→ What to work on: Every line below is to be set down again exactly; any image stays out.

____________________

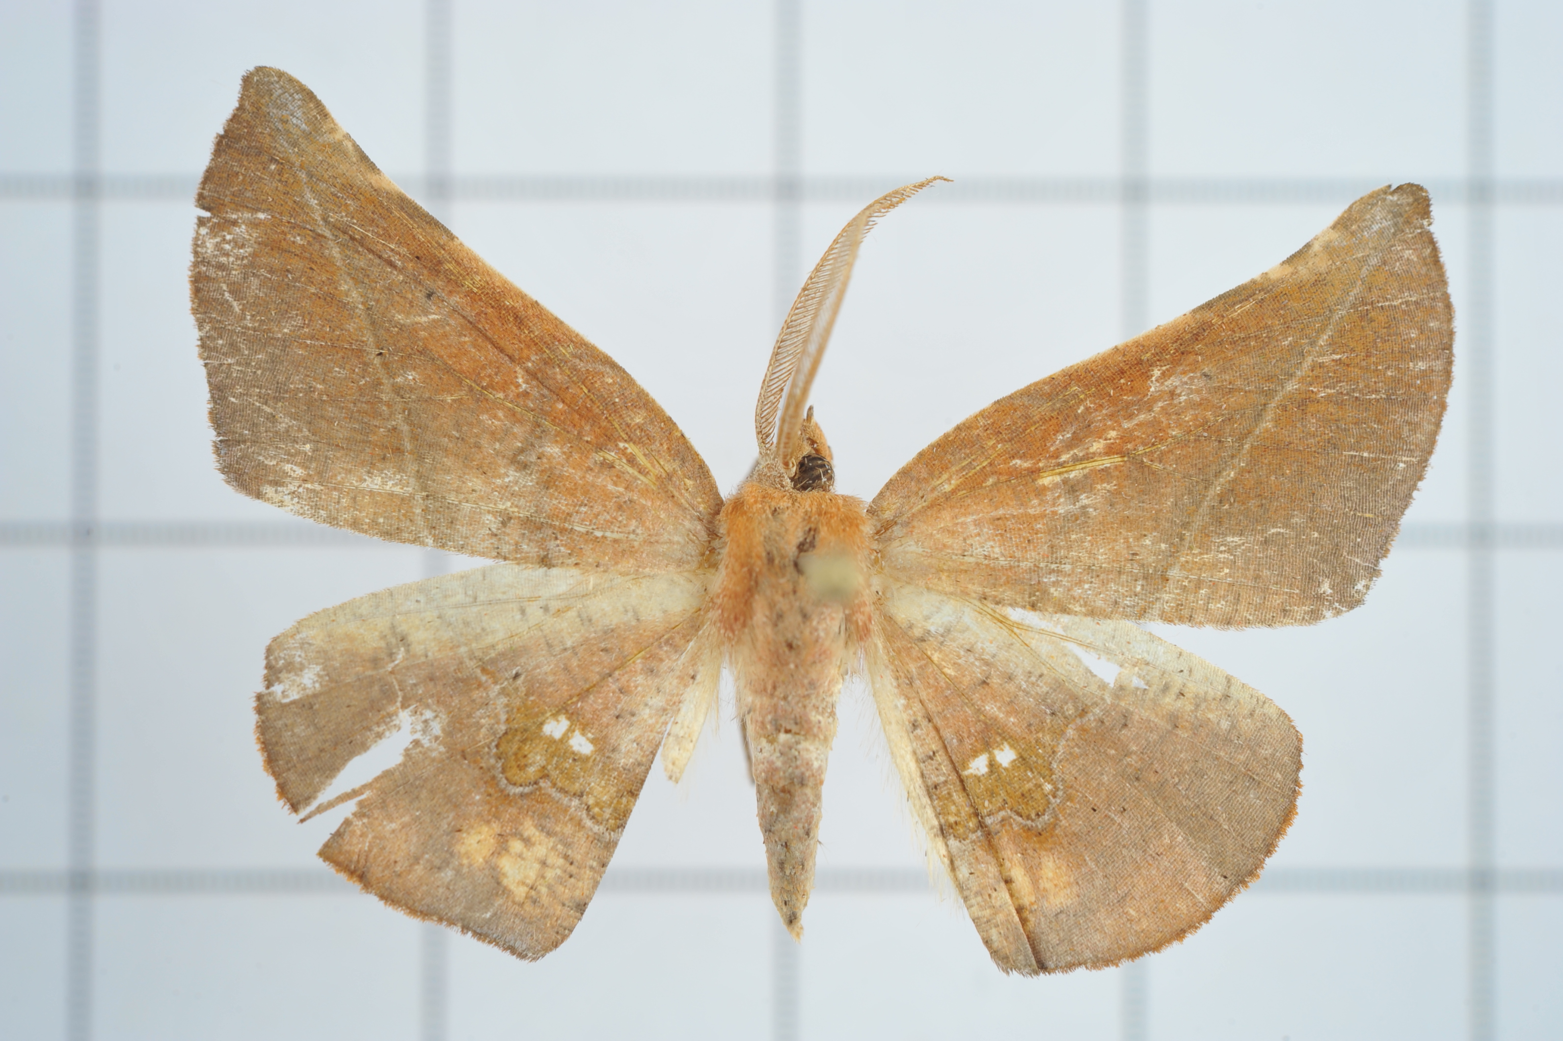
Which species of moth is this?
Garaeus apicata formosanus
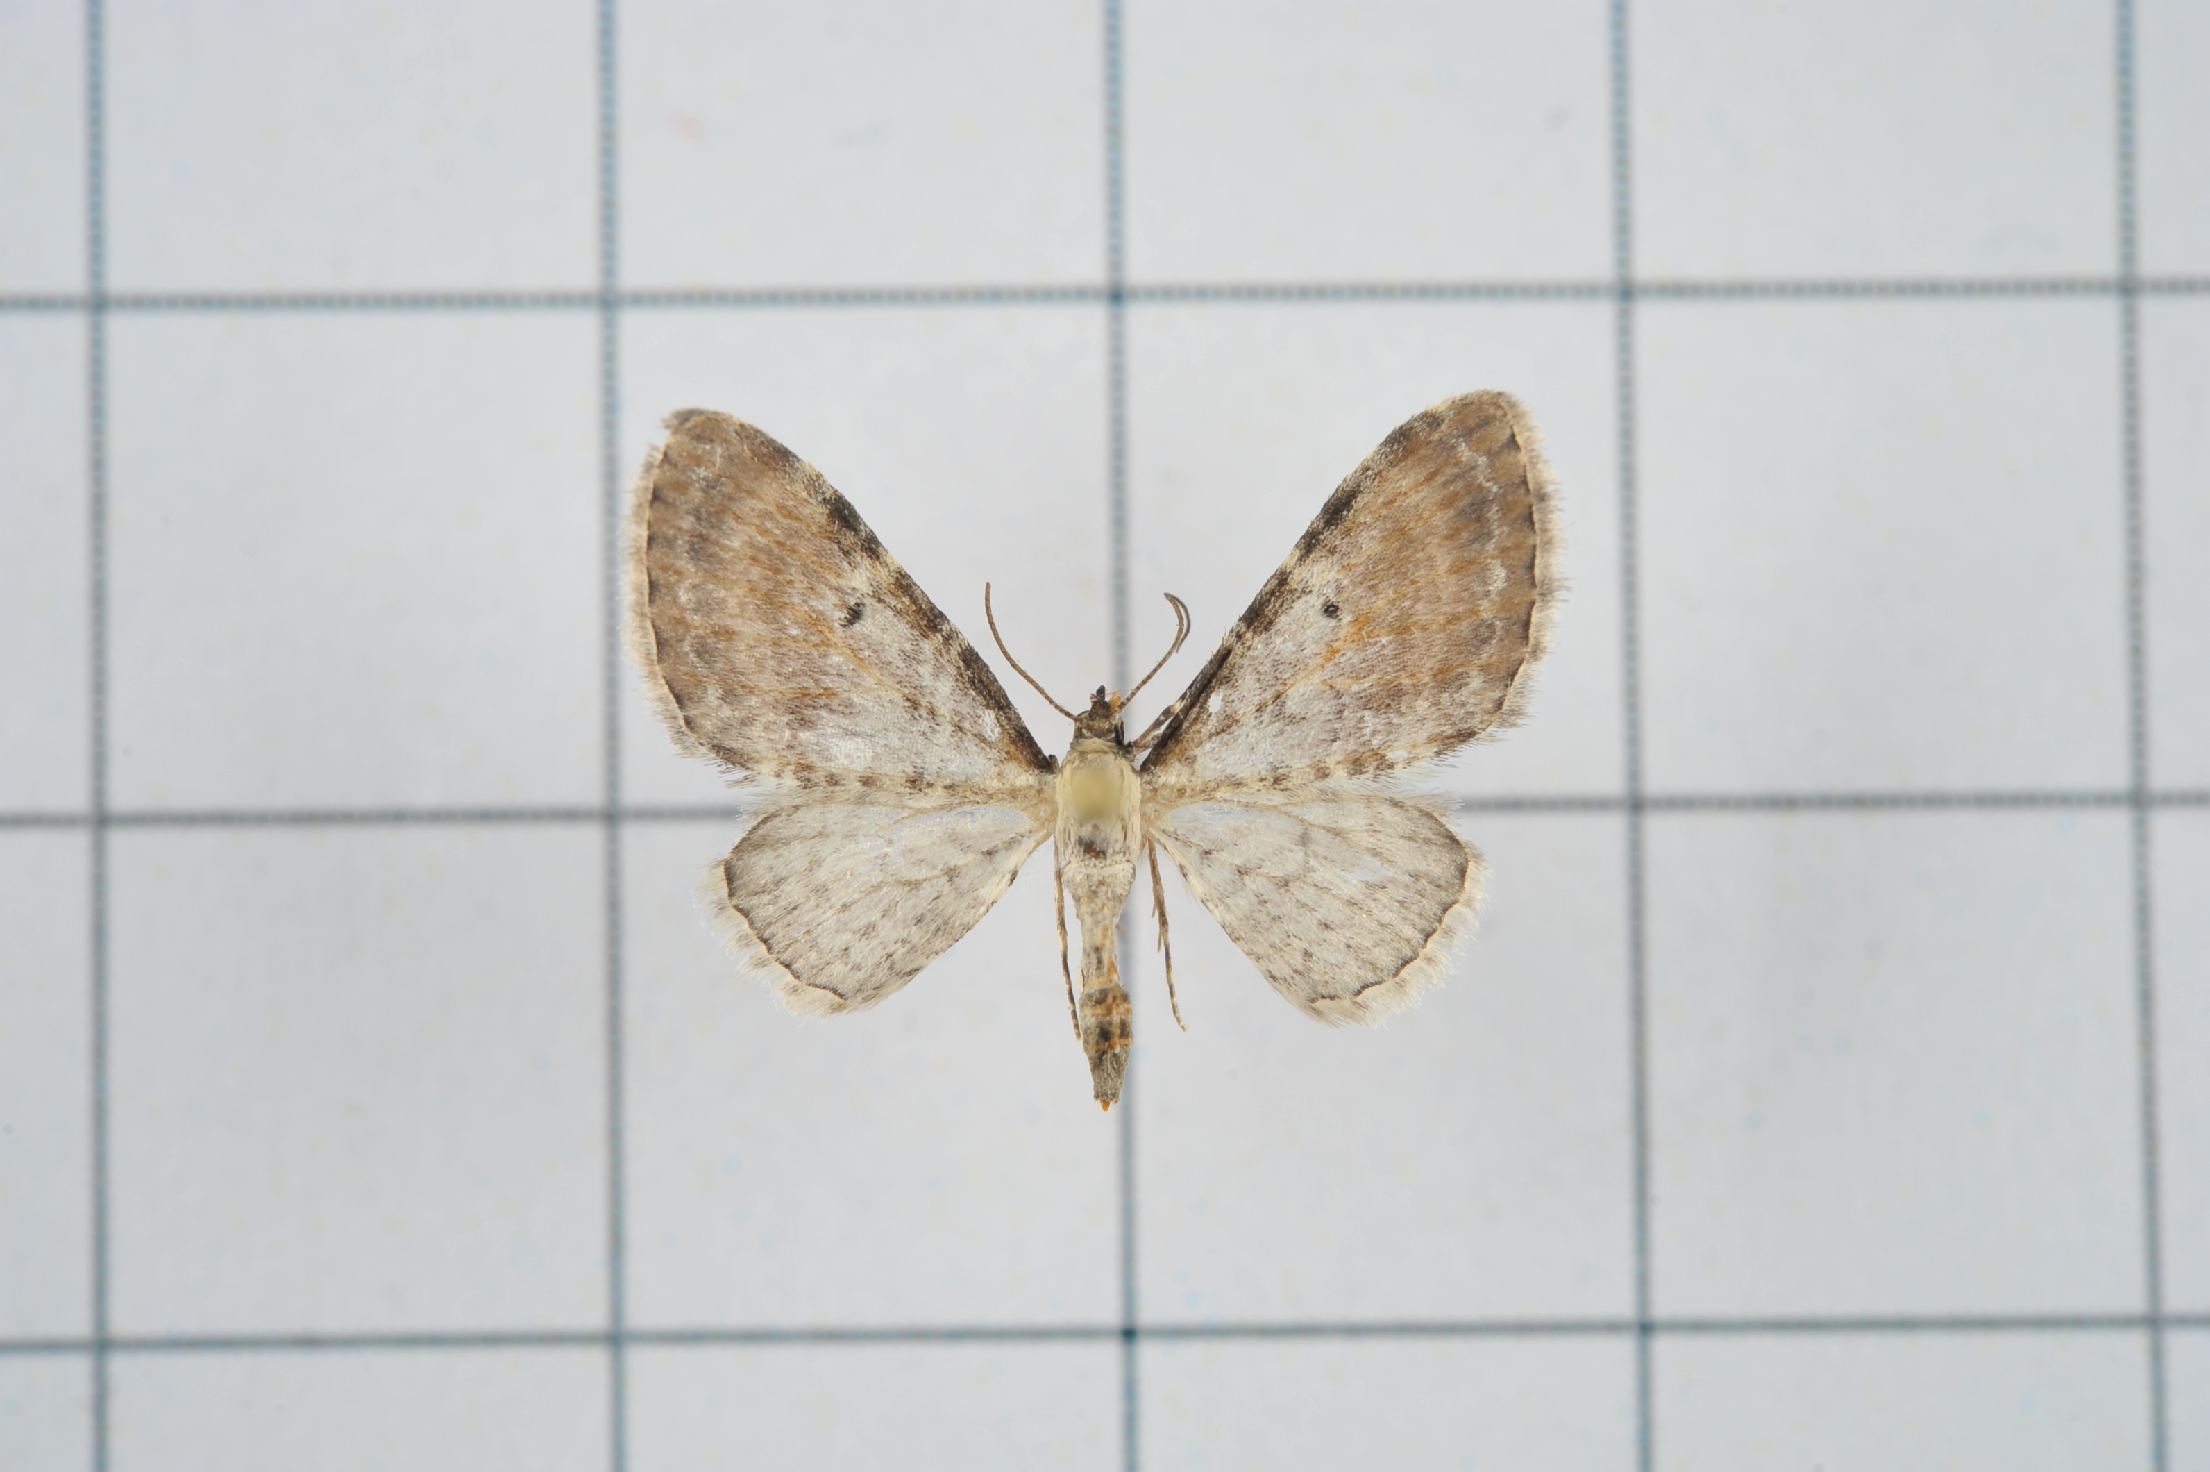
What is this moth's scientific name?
Eupithecia mundiscripta
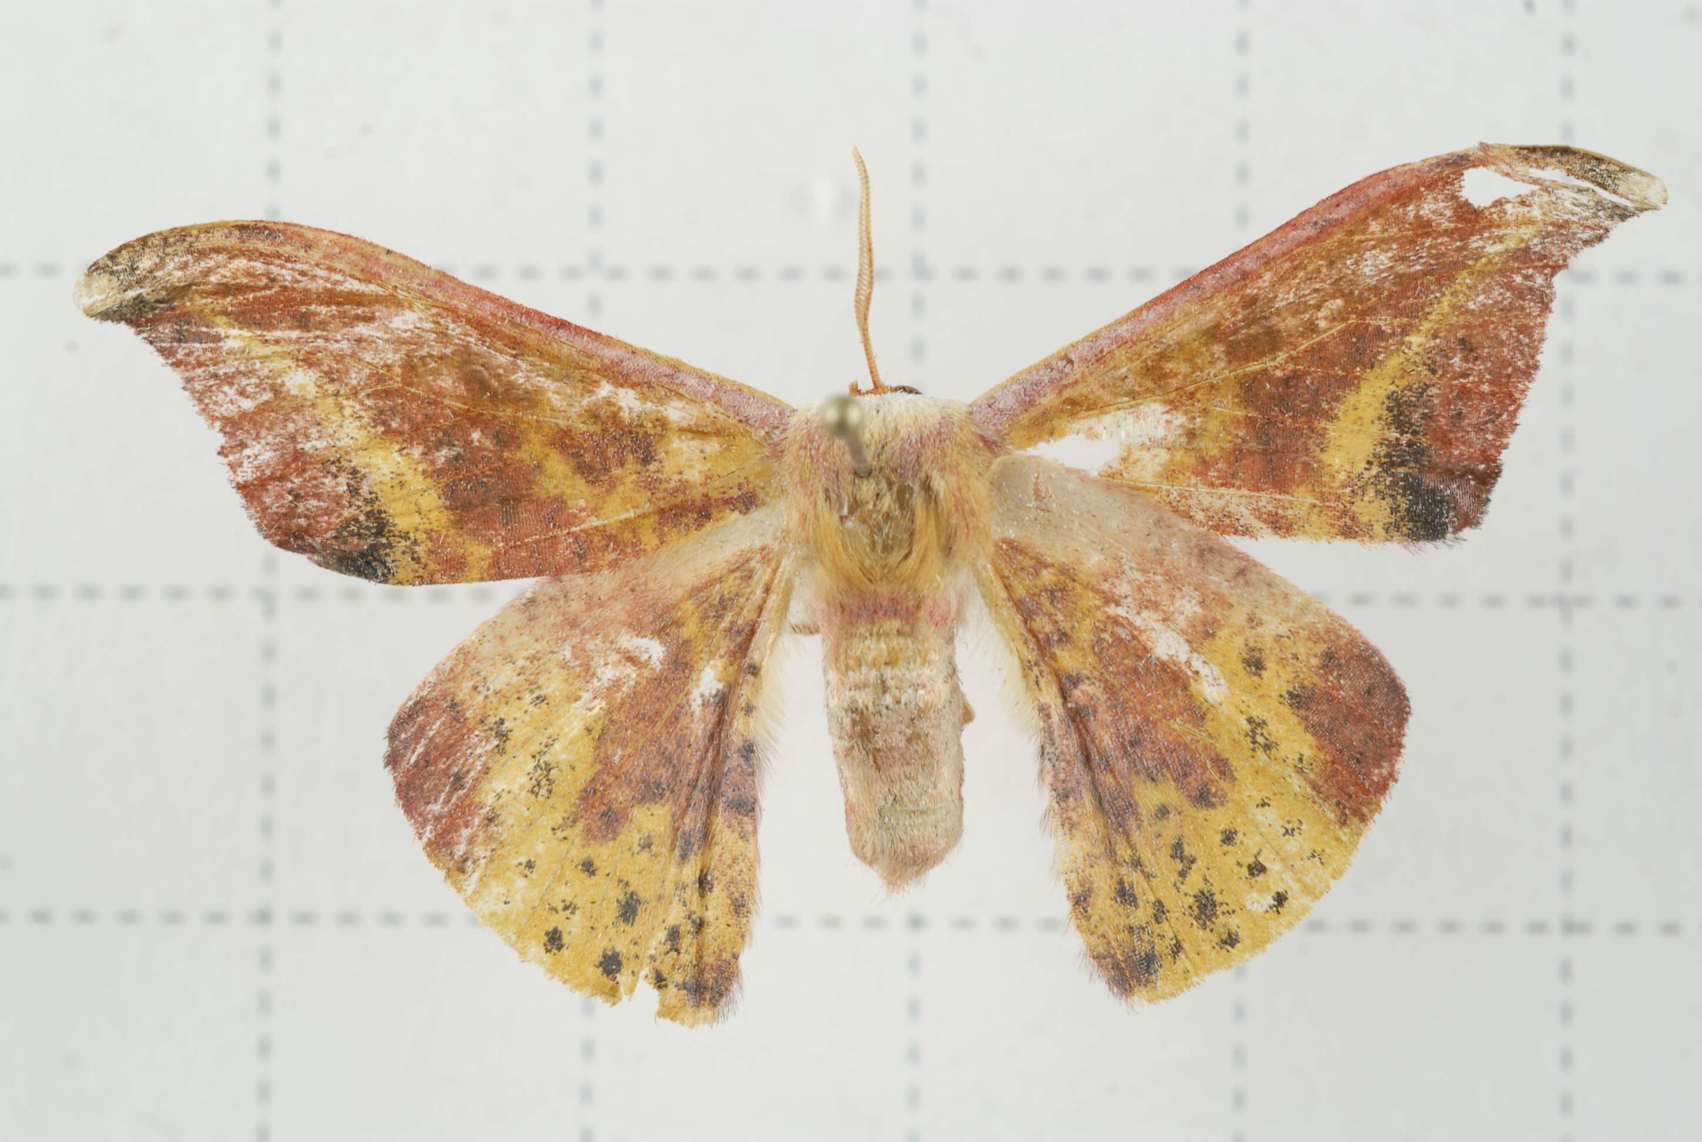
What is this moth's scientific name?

____________________

→ Output below:
Which species of moth is this?
Garaeus apicata formosanus
What is this moth's scientific name?
Eupithecia mundiscripta
What is this moth's scientific name?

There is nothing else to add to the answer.